Problem requirements »
Quote the entries below from the line with "28. object [929,334,984,340]" through the line with "42. object [954,280,967,310]", both ends included, and only those lines.

(Source records)
··········
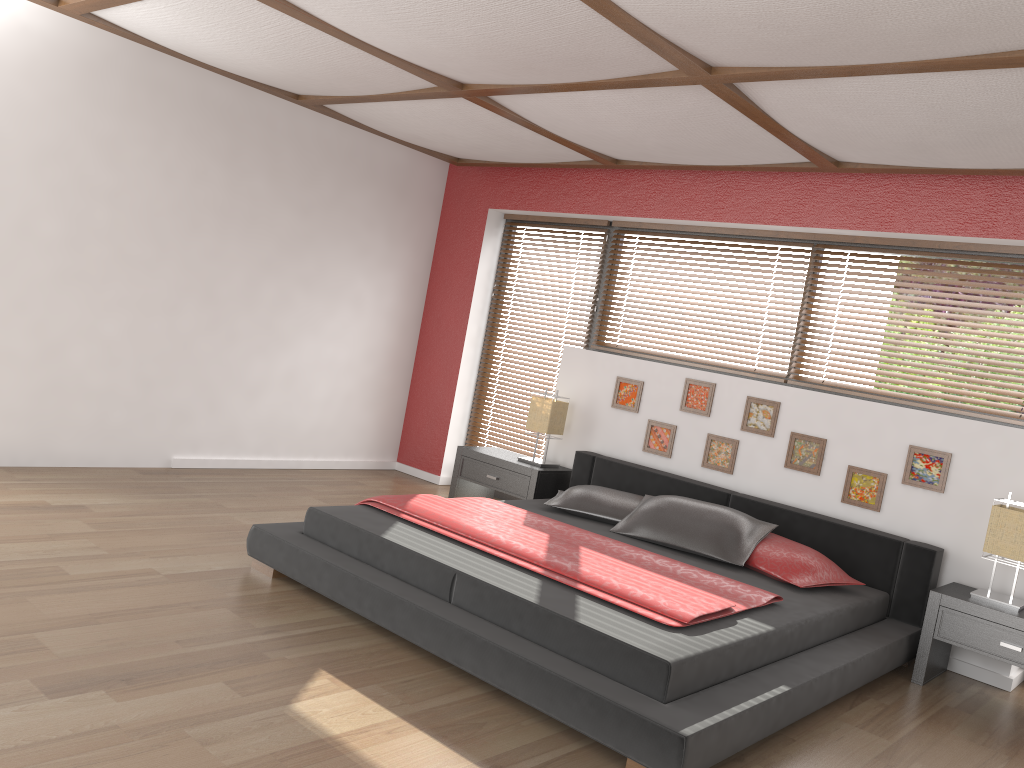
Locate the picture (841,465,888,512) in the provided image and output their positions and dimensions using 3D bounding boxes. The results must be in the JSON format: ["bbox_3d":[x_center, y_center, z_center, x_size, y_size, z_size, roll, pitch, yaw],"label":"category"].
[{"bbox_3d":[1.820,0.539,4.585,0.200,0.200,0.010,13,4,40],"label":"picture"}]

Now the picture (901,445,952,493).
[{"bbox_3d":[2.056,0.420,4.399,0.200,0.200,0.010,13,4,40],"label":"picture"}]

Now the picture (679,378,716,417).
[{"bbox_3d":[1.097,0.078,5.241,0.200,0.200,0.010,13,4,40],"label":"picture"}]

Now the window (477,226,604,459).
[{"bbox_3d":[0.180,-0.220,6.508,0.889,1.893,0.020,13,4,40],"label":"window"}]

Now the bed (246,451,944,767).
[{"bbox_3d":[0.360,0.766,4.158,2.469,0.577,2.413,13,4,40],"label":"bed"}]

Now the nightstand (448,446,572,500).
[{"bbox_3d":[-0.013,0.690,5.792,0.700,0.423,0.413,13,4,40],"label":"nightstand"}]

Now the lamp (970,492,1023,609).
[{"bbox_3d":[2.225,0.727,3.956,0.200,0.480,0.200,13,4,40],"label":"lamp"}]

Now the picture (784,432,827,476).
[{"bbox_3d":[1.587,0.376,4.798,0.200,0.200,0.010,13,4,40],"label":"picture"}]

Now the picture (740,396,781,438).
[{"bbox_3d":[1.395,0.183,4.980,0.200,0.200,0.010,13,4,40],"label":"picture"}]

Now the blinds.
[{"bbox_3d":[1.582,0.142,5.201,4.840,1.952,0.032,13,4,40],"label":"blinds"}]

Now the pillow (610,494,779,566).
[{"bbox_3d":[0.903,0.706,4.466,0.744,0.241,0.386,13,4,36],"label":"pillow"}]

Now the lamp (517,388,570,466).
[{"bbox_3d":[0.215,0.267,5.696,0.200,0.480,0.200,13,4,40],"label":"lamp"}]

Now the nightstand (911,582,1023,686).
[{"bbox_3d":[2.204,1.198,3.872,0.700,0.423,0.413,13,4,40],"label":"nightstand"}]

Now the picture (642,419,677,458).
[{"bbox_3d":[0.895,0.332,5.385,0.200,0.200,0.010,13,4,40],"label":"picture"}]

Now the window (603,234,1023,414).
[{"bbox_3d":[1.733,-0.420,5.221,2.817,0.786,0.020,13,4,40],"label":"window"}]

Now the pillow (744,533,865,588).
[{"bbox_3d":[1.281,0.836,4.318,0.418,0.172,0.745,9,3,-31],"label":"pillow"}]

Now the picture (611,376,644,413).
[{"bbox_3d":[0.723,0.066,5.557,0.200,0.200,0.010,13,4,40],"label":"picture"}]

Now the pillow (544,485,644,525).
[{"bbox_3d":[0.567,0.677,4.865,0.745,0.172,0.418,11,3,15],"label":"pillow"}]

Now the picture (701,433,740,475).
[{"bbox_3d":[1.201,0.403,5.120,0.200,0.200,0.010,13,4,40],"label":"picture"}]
··········
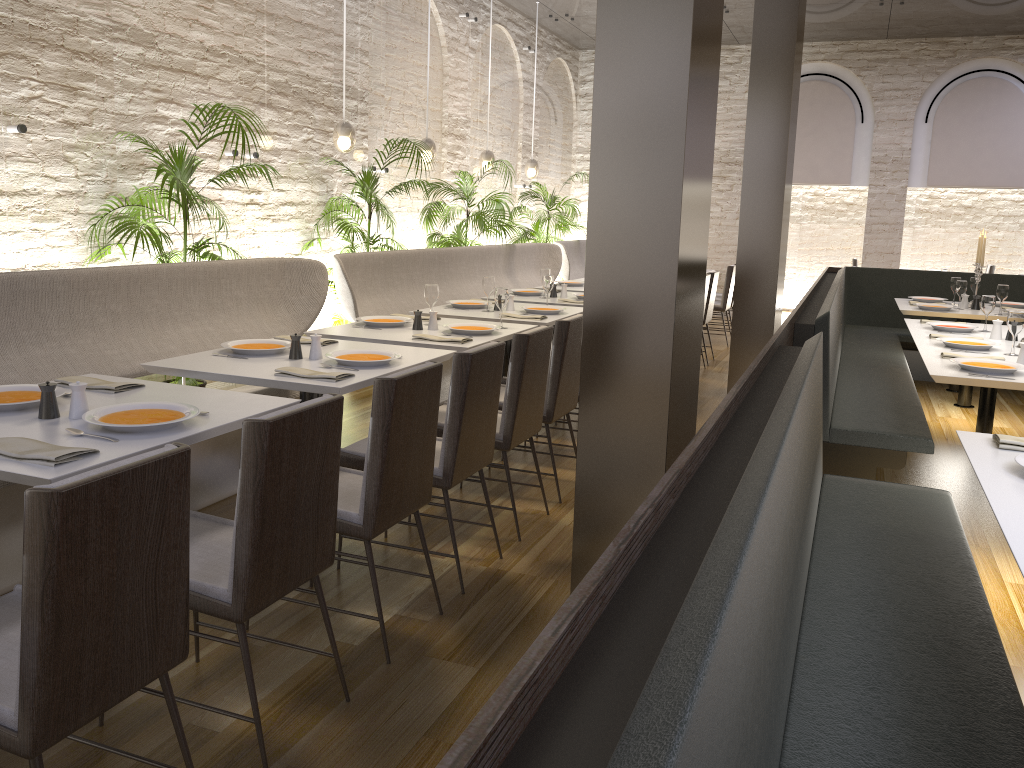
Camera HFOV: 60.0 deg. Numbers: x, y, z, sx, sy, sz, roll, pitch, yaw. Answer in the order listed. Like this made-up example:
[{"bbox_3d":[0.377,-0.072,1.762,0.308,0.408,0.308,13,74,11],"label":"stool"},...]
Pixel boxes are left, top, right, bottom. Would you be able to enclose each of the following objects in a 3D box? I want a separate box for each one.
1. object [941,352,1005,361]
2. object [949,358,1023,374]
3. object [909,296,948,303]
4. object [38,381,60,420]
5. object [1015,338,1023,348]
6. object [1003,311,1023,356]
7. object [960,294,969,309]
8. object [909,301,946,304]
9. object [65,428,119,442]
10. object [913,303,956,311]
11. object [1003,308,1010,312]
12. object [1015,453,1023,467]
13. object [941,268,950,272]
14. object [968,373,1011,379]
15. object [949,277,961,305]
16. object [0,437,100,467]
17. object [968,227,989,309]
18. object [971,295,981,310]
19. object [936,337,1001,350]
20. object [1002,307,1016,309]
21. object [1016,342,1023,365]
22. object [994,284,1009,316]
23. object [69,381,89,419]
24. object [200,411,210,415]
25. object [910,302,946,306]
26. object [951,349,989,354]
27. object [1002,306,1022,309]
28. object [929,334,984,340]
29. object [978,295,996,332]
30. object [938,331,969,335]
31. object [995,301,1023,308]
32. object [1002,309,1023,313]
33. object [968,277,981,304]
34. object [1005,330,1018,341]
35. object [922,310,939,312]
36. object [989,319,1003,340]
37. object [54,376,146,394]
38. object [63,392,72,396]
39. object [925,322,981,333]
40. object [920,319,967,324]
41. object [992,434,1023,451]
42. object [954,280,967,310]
··········
Answer below »
28. object [929,334,984,340]
29. object [978,295,996,332]
30. object [938,331,969,335]
31. object [995,301,1023,308]
32. object [1002,309,1023,313]
33. object [968,277,981,304]
34. object [1005,330,1018,341]
35. object [922,310,939,312]
36. object [989,319,1003,340]
37. object [54,376,146,394]
38. object [63,392,72,396]
39. object [925,322,981,333]
40. object [920,319,967,324]
41. object [992,434,1023,451]
42. object [954,280,967,310]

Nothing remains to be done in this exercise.